Poser un diagnostic apparaît donc, quelle que soit la méthode utilisée, comme une recherche d’unidimensionnalité, de préalable, d’origine, à partir de laquelle le devenir peut se construire, s’opérer, se mettre en place. C’est une tentative pour aller au-delà des phénomènes et des apparences du sensible, pour tenter d’approcher une vérité plus profonde, et pour dégager de l’universel derrière du particulier, en faisant en sorte que des situations individuelles puissent être rattachées à cette catégorie générale, laquelle sera ensuite utilisée comme décodeur, grille de lecture et de compréhension, et cause explicative, déterminante des particularités individuelles. Cette prétention à l’universel fait du diagnostic un entraîneur de comportements particuliers et singuliers, c’est à dire de réactions attendues, de réponses conditionnées, objectivables, anticipables, moyennant un aléa, une marge de variation, qui tient à la subjectivité des représentations de ce prévisible. Ce diagnostic, fut-il erroné, impacte l’avenir, au point d’induire ce qui n’existait pas, des phénomènes parfaitement inattendus. C’est donc un outil capable d’être prédictif, non de la durée, mais des différents états successifs évoluant au sein de celle-ci.
Mais s’il est incontestable que l’identification et l’énonciation d’un diagnostic sont déterminantes, pour les phénomènes et existences individuelles, singulières, particulières, on peut se demander quelle est la part du prévisible dans son identification, son invention, sa construction. En effet est-il pure induction, combinatoire de faits bruts, dont la réorganisation en une entité nouvelle est totalement inattendue, fruits d’investigations qui additionnent des faits d’expérience, même s’il faut avoir présent à l’esprit que les contraintes mêmes de la technique structurent, organisent, créent en quelque sorte la réalité, les investigations techniques, par leur aspect apocalyptique, mettant à jour de l’extra-ordinaire, du non-naturel, à défaut de révéler du surnaturel ? Ou est-il une anticipation d’un déjà là, déjà pensé, aperçu, entrevu, de manière intuitive, intuition alors capable de construire une sorte de prédicat théorique, donc du prévisible, dont on cherchera ensuite à vérifier, par le biais de la méthode hypothético-déductive, qu’il ne génère pas, qu’il ne produit pas d’inattendu.

LES INDICATIONS

Les indications apparaissent comme une réponse au diagnostic posé, en fonction d’un effet prévisible de celles-ci.
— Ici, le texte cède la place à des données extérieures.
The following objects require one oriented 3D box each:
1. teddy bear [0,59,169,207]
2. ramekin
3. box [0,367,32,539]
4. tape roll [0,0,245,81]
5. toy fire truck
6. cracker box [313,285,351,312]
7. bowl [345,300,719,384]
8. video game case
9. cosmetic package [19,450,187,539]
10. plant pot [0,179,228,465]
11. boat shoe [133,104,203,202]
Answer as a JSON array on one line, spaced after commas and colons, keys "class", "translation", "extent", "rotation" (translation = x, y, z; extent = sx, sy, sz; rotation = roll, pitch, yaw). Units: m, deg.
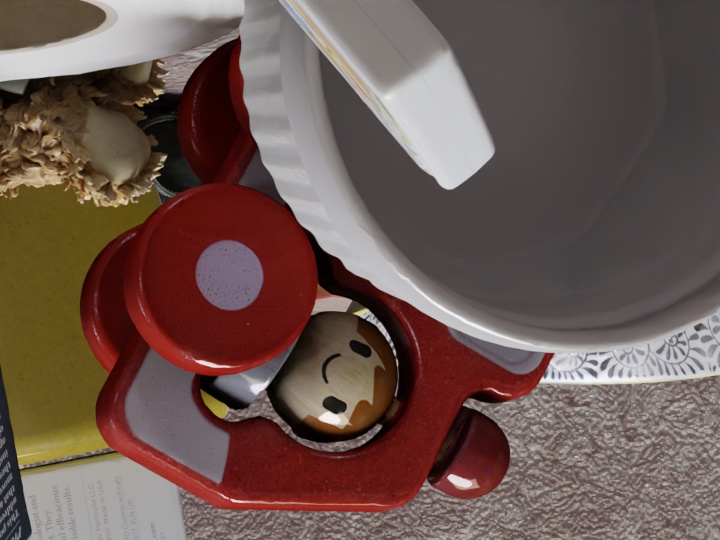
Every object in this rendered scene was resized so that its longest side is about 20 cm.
[{"class": "teddy bear", "translation": [-0.171, -0.070, 1.066], "extent": [0.199, 0.145, 0.067], "rotation": [-8, 152, -17]}, {"class": "ramekin", "translation": [0.054, -0.073, 0.910], "extent": [0.199, 0.201, 0.105], "rotation": [-1, 180, -22]}, {"class": "box", "translation": [-0.219, 0.041, 0.995], "extent": [0.148, 0.201, 0.107], "rotation": [9, -144, 20]}, {"class": "tape roll", "translation": [-0.138, -0.117, 0.940], "extent": [0.202, 0.071, 0.202], "rotation": [-5, 173, -1]}, {"class": "toy fire truck", "translation": [0.000, 0.000, 1.001], "extent": [0.168, 0.200, 0.112], "rotation": [29, 165, -11]}, {"class": "cracker box", "translation": [0.032, -0.047, 1.348], "extent": [0.058, 0.135, 0.200], "rotation": [-10, 170, 43]}, {"class": "bowl", "translation": [0.090, -0.015, 1.188], "extent": [0.200, 0.095, 0.201], "rotation": [1, 166, 0]}, {"class": "video game case", "translation": [-0.035, -0.104, 0.706], "extent": [0.023, 0.182, 0.200], "rotation": [-40, 173, 2]}, {"class": "cosmetic package", "translation": [-0.179, 0.129, 1.214], "extent": [0.199, 0.072, 0.101], "rotation": [-10, 177, -9]}, {"class": "plant pot", "translation": [-0.205, 0.007, 1.193], "extent": [0.176, 0.201, 0.200], "rotation": [-21, -177, -32]}, {"class": "boat shoe", "translation": [-0.090, -0.063, 1.477], "extent": [0.071, 0.072, 0.200], "rotation": [-15, 180, 17]}]

Elles tentent d’établir un lien de causalité qui soit direct et déterminant, entre l’universel, tel qu’il résulte du diagnostic, et le particulier, tel qu’il résulte des symptômes individuels justifiant que soient appliquées des indications thérapeutiques, toujours pensées comme puissance de, causes sans matière, principes sans substance. Elles sont alors pures métaphores, avant que de trouver une application, une mise en acte, une réalisation. Elles sont des abstractions susceptibles de se concrétiser, de s’inscrire dans la matière des faits. Elles sont de fait, des entéléchies, c’est à dire des formes au sens aristotélicien du terme, ayant un but en soi. Ainsi, par définition, leurs effets sont attendus, comme cause de la substance.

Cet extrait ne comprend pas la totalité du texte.